Task to carry out: In your copy, include every entry exactly as written but no pictures.

Data records

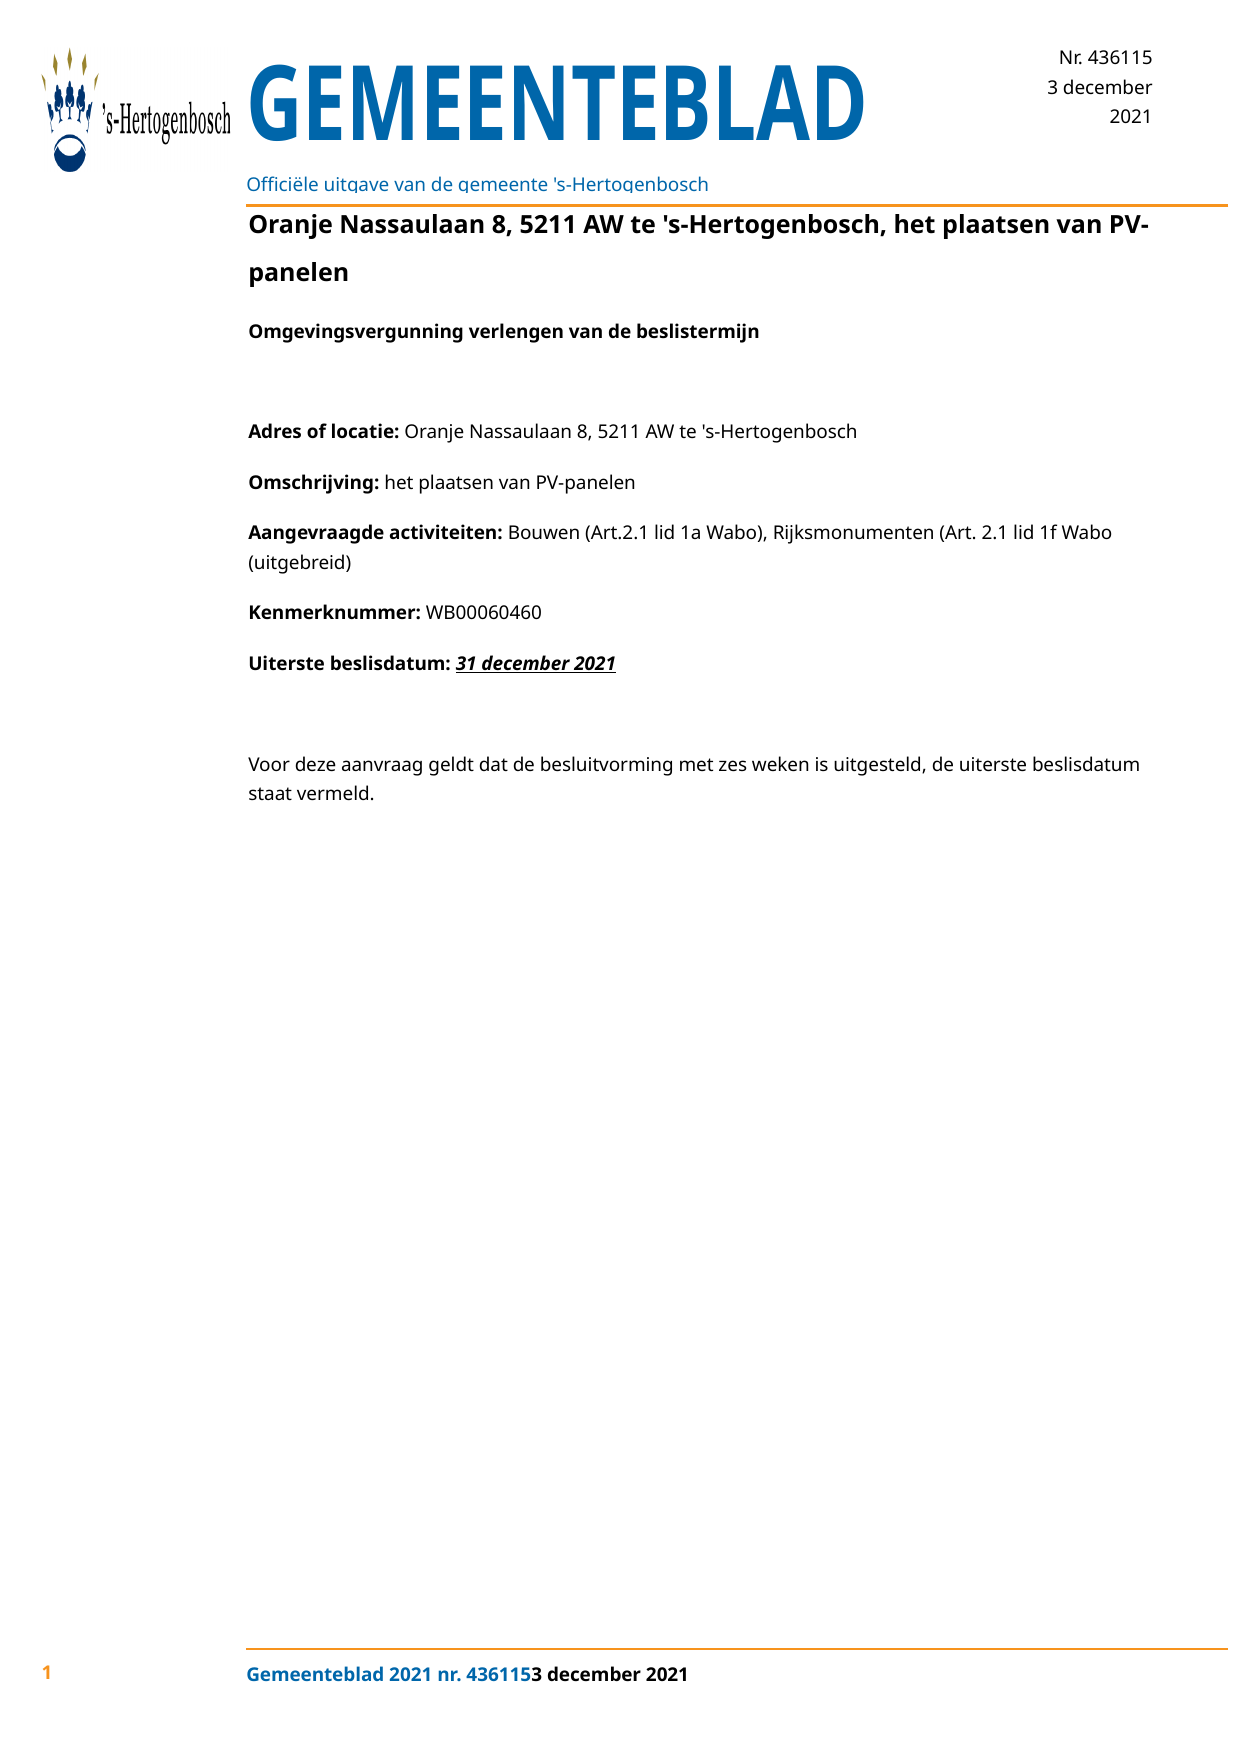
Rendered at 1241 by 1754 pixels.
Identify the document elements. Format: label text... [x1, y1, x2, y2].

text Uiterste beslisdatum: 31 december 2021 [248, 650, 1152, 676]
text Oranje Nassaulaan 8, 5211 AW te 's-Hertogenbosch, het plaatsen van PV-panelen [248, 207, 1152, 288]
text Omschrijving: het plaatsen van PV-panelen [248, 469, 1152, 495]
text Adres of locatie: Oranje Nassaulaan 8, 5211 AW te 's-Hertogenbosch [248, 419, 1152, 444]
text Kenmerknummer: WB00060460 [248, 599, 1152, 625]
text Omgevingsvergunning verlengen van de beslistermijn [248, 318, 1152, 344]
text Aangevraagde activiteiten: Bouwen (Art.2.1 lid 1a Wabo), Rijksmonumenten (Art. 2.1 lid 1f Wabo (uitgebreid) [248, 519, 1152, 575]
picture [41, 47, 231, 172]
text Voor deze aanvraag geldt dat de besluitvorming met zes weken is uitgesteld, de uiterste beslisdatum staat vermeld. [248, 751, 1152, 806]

Answer for the task:
Rendered at 1241 by 1754 pixels.
Identify the document elements. Format: label text... [x1, y1, x2, y2].

text Uiterste beslisdatum: 31 december 2021 [248, 650, 1152, 676]
text Oranje Nassaulaan 8, 5211 AW te 's-Hertogenbosch, het plaatsen van PV-panelen [248, 207, 1152, 288]
text Omschrijving: het plaatsen van PV-panelen [248, 469, 1152, 495]
text Adres of locatie: Oranje Nassaulaan 8, 5211 AW te 's-Hertogenbosch [248, 419, 1152, 444]
text Kenmerknummer: WB00060460 [248, 599, 1152, 625]
text Omgevingsvergunning verlengen van de beslistermijn [248, 318, 1152, 344]
text Aangevraagde activiteiten: Bouwen (Art.2.1 lid 1a Wabo), Rijksmonumenten (Art. 2.1 lid 1f Wabo (uitgebreid) [248, 519, 1152, 575]
picture [41, 47, 231, 172]
text Voor deze aanvraag geldt dat de besluitvorming met zes weken is uitgesteld, de uiterste beslisdatum staat vermeld. [248, 751, 1152, 806]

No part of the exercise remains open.